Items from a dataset
********
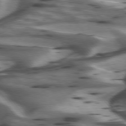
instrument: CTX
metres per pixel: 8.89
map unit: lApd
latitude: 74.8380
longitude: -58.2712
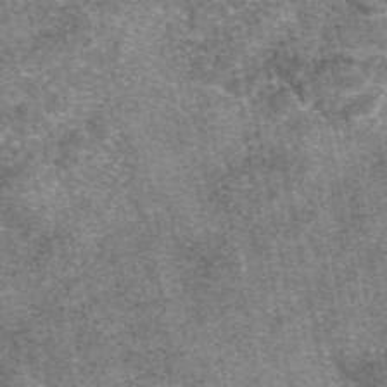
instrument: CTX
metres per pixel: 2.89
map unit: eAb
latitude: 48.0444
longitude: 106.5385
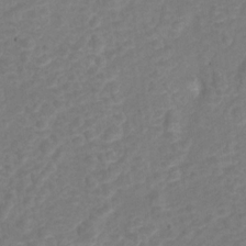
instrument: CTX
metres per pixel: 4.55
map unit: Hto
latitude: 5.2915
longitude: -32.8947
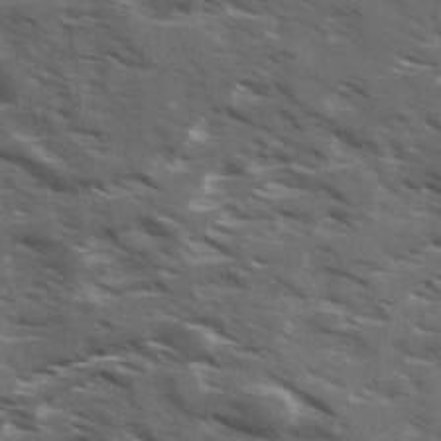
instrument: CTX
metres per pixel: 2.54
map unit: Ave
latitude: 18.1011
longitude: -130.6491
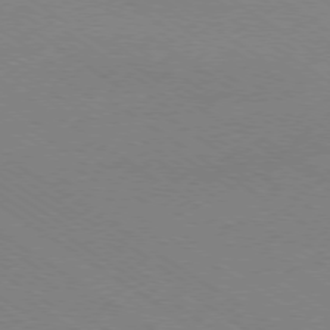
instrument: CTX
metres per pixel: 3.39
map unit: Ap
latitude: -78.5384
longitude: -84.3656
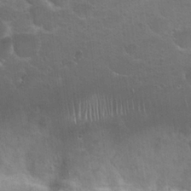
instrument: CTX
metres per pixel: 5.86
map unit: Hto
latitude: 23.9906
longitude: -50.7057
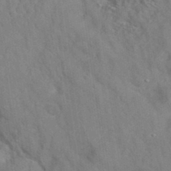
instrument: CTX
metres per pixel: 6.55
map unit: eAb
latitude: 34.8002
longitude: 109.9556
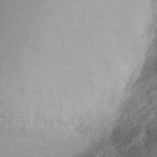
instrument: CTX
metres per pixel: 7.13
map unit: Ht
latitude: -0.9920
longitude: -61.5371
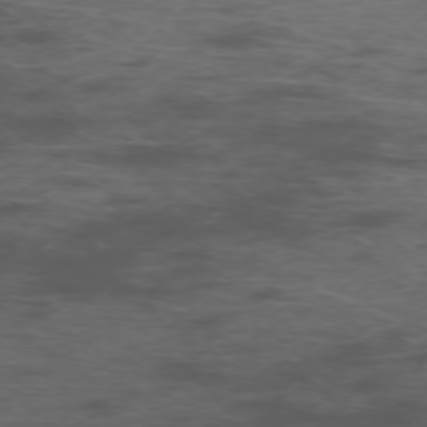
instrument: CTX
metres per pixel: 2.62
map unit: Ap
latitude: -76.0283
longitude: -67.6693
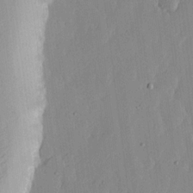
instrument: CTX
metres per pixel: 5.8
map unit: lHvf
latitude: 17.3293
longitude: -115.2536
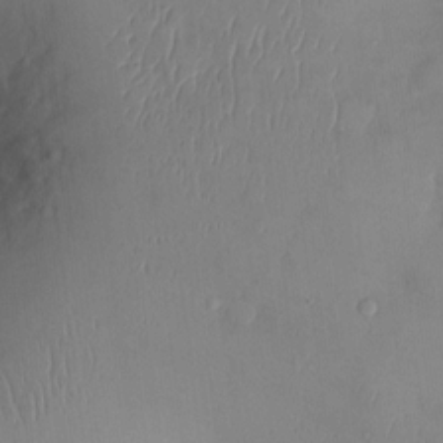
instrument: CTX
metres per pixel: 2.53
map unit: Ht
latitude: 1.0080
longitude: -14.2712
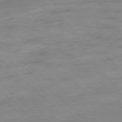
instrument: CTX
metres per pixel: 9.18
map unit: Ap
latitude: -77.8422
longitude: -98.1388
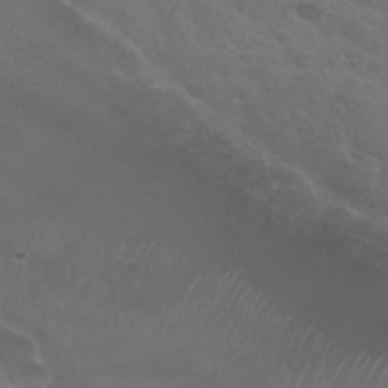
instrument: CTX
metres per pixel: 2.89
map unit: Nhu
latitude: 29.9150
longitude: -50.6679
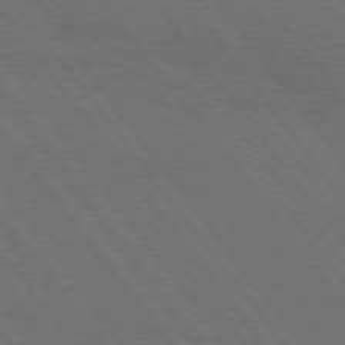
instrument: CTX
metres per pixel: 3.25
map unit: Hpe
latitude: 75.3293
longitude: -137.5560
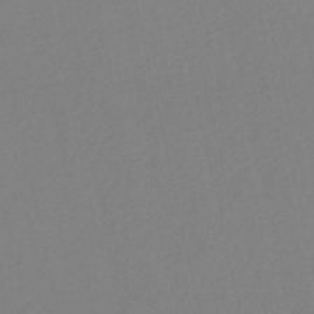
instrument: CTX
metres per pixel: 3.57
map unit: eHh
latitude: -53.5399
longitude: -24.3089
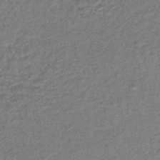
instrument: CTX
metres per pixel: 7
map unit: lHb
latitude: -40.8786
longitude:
********
TASK GOAL
Print all entries exactly, without images.

ANSWER TO THIS EXERCISE
instrument: CTX
metres per pixel: 8.89
map unit: lApd
latitude: 74.8380
longitude: -58.2712
instrument: CTX
metres per pixel: 2.89
map unit: eAb
latitude: 48.0444
longitude: 106.5385
instrument: CTX
metres per pixel: 4.55
map unit: Hto
latitude: 5.2915
longitude: -32.8947
instrument: CTX
metres per pixel: 2.54
map unit: Ave
latitude: 18.1011
longitude: -130.6491
instrument: CTX
metres per pixel: 3.39
map unit: Ap
latitude: -78.5384
longitude: -84.3656
instrument: CTX
metres per pixel: 5.86
map unit: Hto
latitude: 23.9906
longitude: -50.7057
instrument: CTX
metres per pixel: 6.55
map unit: eAb
latitude: 34.8002
longitude: 109.9556
instrument: CTX
metres per pixel: 7.13
map unit: Ht
latitude: -0.9920
longitude: -61.5371
instrument: CTX
metres per pixel: 2.62
map unit: Ap
latitude: -76.0283
longitude: -67.6693
instrument: CTX
metres per pixel: 5.8
map unit: lHvf
latitude: 17.3293
longitude: -115.2536
instrument: CTX
metres per pixel: 2.53
map unit: Ht
latitude: 1.0080
longitude: -14.2712
instrument: CTX
metres per pixel: 9.18
map unit: Ap
latitude: -77.8422
longitude: -98.1388
instrument: CTX
metres per pixel: 2.89
map unit: Nhu
latitude: 29.9150
longitude: -50.6679
instrument: CTX
metres per pixel: 3.25
map unit: Hpe
latitude: 75.3293
longitude: -137.5560
instrument: CTX
metres per pixel: 3.57
map unit: eHh
latitude: -53.5399
longitude: -24.3089
instrument: CTX
metres per pixel: 7
map unit: lHb
latitude: -40.8786
longitude:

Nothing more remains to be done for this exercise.